Усиливается, удесятеряется проницательность любви, видишь все то, достойное любви, чего не видал прежде, – или видел, но как-то совестился высказывать, как будто это хорошее было уже что-то излишнее.
Это был удивительный, чистый, нежный, гениальный, старый ребенок, весь по края полный любовью ко всем и ко всему, как те дети, подобно которым нам надо быть, чтобы вступить в царство небесное. Детская была у него и досада, и обида на людей, не любивших его и его дело. А его дело было всегда не его, а божие, и детская благодарность и радость тем, кто ценили его и его дело.
Он, которому должен был поклоняться весь христианский мир, был вполне счастлив и сиял, если труды его оценивались гимназистом и курсисткой. Как много было людей, которые прямо не верили ему только потому, что он был слишком ясен, прост и любовен со всеми. Люди так испорчены, что им казалось, что за его добротой и лаской было что-то, а за ней ничего не было, кроме бога любви, которая жила в его сердце. А мы так плохи часто, что нам совестно, неловко видеть этого бога любви, он обличает нас, и мы отворачиваемся от него. Я говорю не про кого-нибудь, а про себя. Не раз я так отворачивался от него. Просто мало любил. Ну, зато теперь больше люблю. И он не ушел от меня. Знаю, где найти его. В боге.

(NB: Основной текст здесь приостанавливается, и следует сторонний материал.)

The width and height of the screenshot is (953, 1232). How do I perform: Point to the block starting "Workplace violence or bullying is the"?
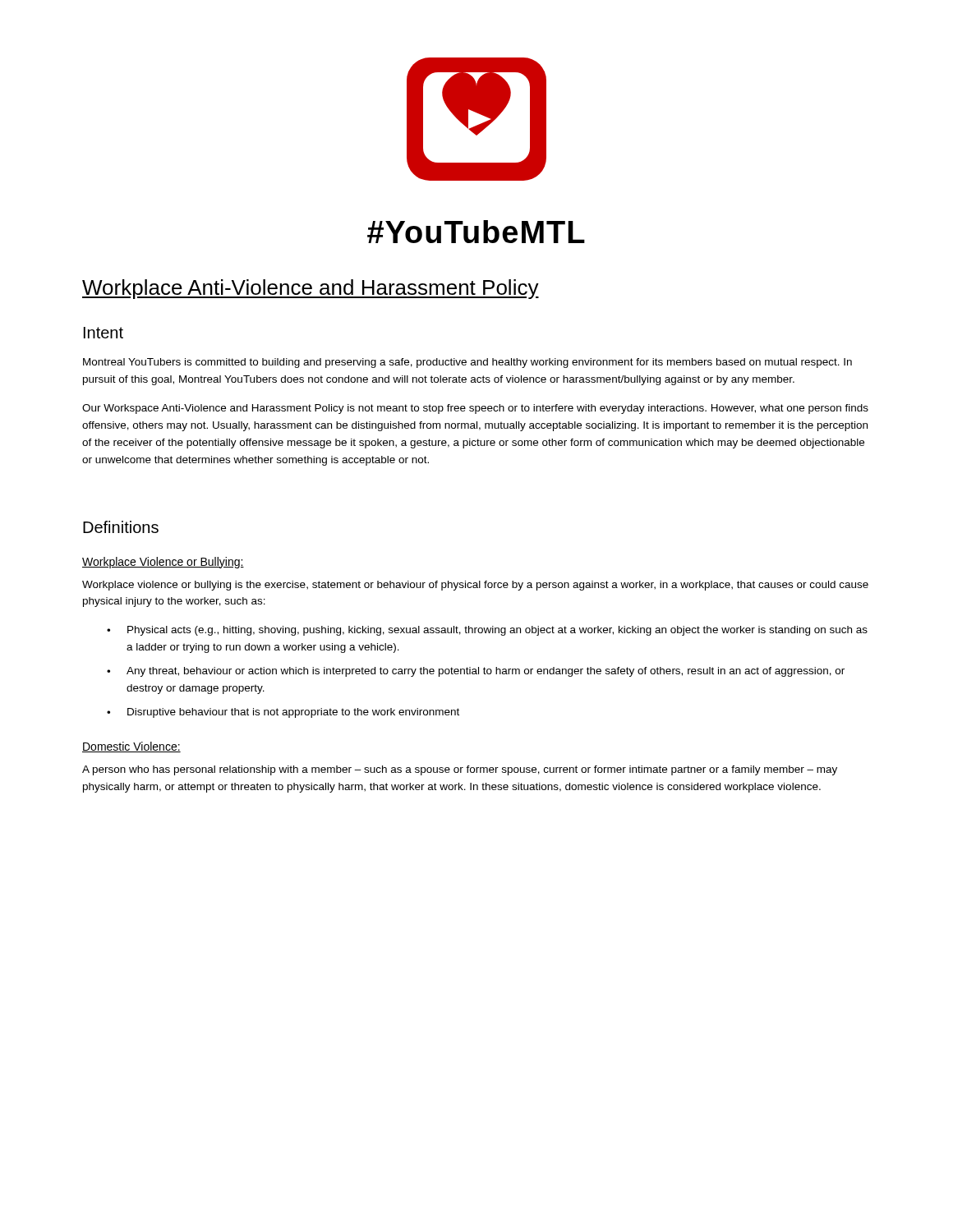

Поднимает такая смерть, такая жизнь.
От Петруши, его сына, было длинное письмо, описывающее его последние дни и смерть. Он только что готовился работать и был в полном обладании своих духовных сил, был весел, приехал домой, вышел из экипажа, ахнул несколько раз и помер"85.
А вот две выписки из писем отца к Н. С. Лескову и к Л. Ф. Анненковой:
"…О Ге я, не переставая, думаю и, не переставая, чувствую его, чему содействует то, что его две картины: "Суд" и "Распятие" стоят у нас, и я часто смотрю на них, и что больше смотрю, то больше понимаю и люблю. Хорошо бы было, если бы Вы написали о нем. Должно быть, и я напишу. Это был такой большой человек, что мы все, если будем писать о нем, с разных сторон, мы едва ли сойдемся, то есть будем повторять друг друга"86.

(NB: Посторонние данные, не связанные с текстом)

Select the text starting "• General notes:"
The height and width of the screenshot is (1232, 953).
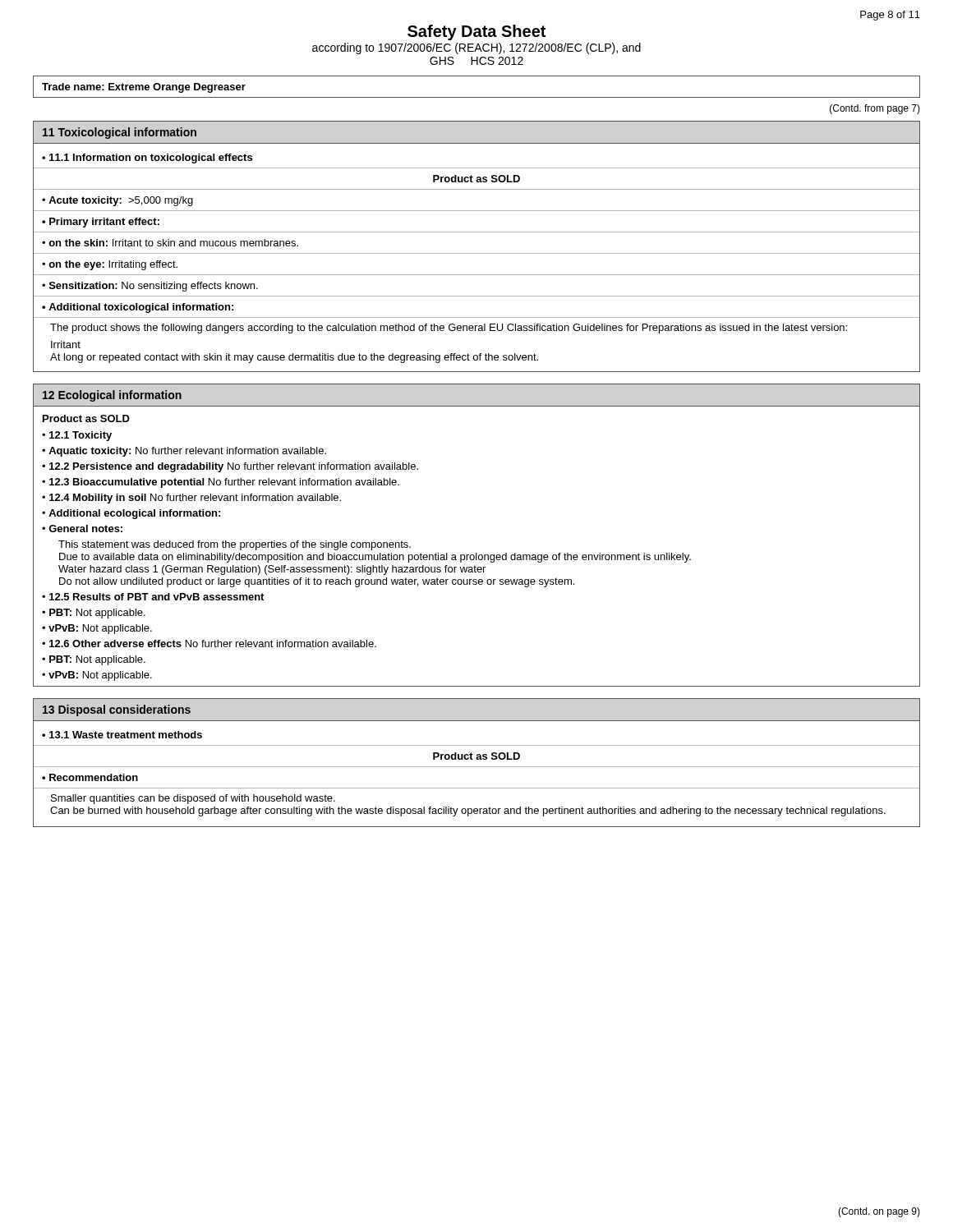83,529

"…Теперь выскажу Вам, Леонида Фоминична, чувства, вызванные во мне Вашим письмом. Вы уже знаете, верно, про смерть нашего друга, Н. Н. Ге?
Еще до его смерти мне писал Евг. Ив. Попов о том, что Колечка, его сын, находится в самом унылом настроении… Потом вскоре я получил известие о смерти его отца.
Не помню, чтобы какая-либо смерть так сильно действовала на меня. Как всегда, при близости смерти дорогого человека – стала очень серьезна жизнь, яснее стали свои слабости, грехи, легкомыслие, недостаток любви – одного того, что не умирает, и просто жалко стало, что в этом мире стало одним другом, помощником, работником меньше…"87 Обдумав и обсудив с близкими друзьями судьбу картин Ге, отец предложил П. М.